SECURITIES AND EXCHANGE COMMISSION

Washington, D.C. 20549


Form 8-K

CURRENT REPORT
Pursuant to Section 13 or 15(d) of the Securities Exchange Act of 1934
Date of Report (Date of earliest event reported): January 29, 2020

Cimpress plc

(Exact Name of Registrant as Specified in Its Charter)


000-51539 98-0417483
(State or Other Jurisdiction of Incorporation) (Commission File Number) (IRS Employer Identification No.)
Building D,
Dundalk, Co. Louth
Ireland
(Address of Principal Executive Offices)

Registrant’s telephone number, including area code: + 353 42 938 8500

Not applicable

(Former Name or Former Address, if Changed Since Last Report)


Check the appropriate box below if the Form 8-K filing is intended to simultaneously satisfy the filing obligation of the registrant under any of the following provisions (see General Instruction A.2. below):
Written communications pursuant to Rule 425 under the Securities Act (17 CFR 230.425)
Soliciting material pursuant to Rule 14a-12 under the Exchange Act (17 CFR 240.14a-12)
Pre-commencement communications pursuant to Rule 14d-2(b) under the Exchange Act (17 CFR 240.14d-2(b))
Pre-commencement communications pursuant to Rule 13e-4(c) under the Exchange Act (17 CFR 240.13e-4(c))

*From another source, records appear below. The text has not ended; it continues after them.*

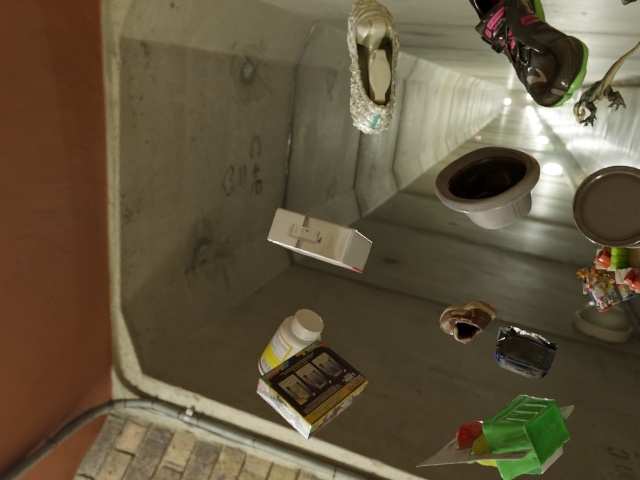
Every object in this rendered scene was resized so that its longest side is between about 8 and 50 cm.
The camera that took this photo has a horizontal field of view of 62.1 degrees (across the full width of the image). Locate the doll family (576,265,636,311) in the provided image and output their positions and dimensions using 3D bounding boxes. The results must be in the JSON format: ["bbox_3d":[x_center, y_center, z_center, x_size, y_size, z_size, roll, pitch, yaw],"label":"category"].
[{"bbox_3d":[1.030,0.171,1.967,0.262,0.118,0.163,-13,-107,-35],"label":"doll family"}]

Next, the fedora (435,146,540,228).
[{"bbox_3d":[0.432,-0.120,1.345,0.243,0.275,0.124,-34,-62,-7],"label":"fedora"}]

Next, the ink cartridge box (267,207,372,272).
[{"bbox_3d":[0.000,0.000,1.749,0.207,0.283,0.117,27,-99,-65],"label":"ink cartridge box"}]

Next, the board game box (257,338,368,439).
[{"bbox_3d":[-0.014,0.283,1.034,0.170,0.141,0.048,-24,-40,-43],"label":"board game box"}]

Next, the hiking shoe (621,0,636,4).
[{"bbox_3d":[0.916,-0.719,1.505,0.086,0.226,0.114,-56,-8,-31],"label":"hiking shoe"}]

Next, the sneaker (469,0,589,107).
[{"bbox_3d":[0.511,-0.515,1.375,0.185,0.202,0.483,115,149,-45],"label":"sneaker"}]

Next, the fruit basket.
[{"bbox_3d":[0.492,0.562,1.482,0.327,0.353,0.166,-12,-110,-43],"label":"fruit basket"}]

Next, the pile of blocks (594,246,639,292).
[{"bbox_3d":[0.896,0.078,1.493,0.362,0.112,0.149,-118,33,-64],"label":"pile of blocks"}]

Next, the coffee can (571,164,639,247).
[{"bbox_3d":[0.804,-0.081,1.400,0.275,0.201,0.202,1,-80,-52],"label":"coffee can"}]

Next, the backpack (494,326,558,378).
[{"bbox_3d":[0.588,0.320,1.559,0.173,0.158,0.117,-1,-71,-82],"label":"backpack"}]

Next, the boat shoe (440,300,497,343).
[{"bbox_3d":[0.543,0.327,2.039,0.123,0.123,0.342,-56,5,-23],"label":"boat shoe"}]

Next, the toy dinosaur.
[{"bbox_3d":[0.681,-0.348,1.286,0.268,0.064,0.118,111,170,-64],"label":"toy dinosaur"}]

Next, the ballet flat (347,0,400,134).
[{"bbox_3d":[0.148,-0.477,1.374,0.147,0.146,0.409,46,-139,-70],"label":"ballet flat"}]

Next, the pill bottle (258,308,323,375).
[{"bbox_3d":[-0.077,0.288,1.445,0.215,0.117,0.117,-58,-5,30],"label":"pill bottle"}]

Indicate by check mark whether the registrant is an emerging growth company, as defined in Rule 405 of the Securities Act of 1933 (§230.405 of this chapter) or Rule 12b-2 of the Securities Exchange Act of 1934 (§240.12.b-2 of this chapter).

Emerging growth company ☐

If an emerging growth company, indicate by check mark if the registrant has elected not to use the extended transition period for complying with any new or revised financial accounting standards provided pursuant to Section 13(a) of the Exchange Act.

Securities registered pursuant to Section 12(b) of the Act:

Title of Each Class Trading Symbol(s) Name of Exchange on Which Registered
Ordinary Shares, nominal value per share of €0.01 CMPR NASDAQ Global Select Market

Item 1.01. Entry into a Material Definitive Agreement

Because of Cimpress' cross-border merger to Ireland, where Cimpress N.V., our former Dutch parent company, merged with and into Cimpress plc, an Irish company, with Cimpress plc surviving the merger and becoming our new parent company, Cimpress plc is entering into new deeds of indemnification with each of our executive officers and directors. In addition, due to Irish law limitations on indemnification of officers and directors, Cimpress USA Incorporated, a subsidiary of Cimpress plc, intends to enter into new indemnification agreements with each of Cimpress plc's executive officers and directors that complement the Cimpress plc deeds of indemnification and fill in potential gaps in indemnification coverage. The Cimpress plc deeds of indemnification and the Cimpress USA Incorporated indemnification agreements are collectively referred to as the "indemnification contracts," and Cimpress plc and Cimpress USA Incorporated are collectively referred to as "Cimpress." The new indemnification contracts are substantially similar to the indemnification contracts previously in place between Cimpress N.V. and our executive officers and directors.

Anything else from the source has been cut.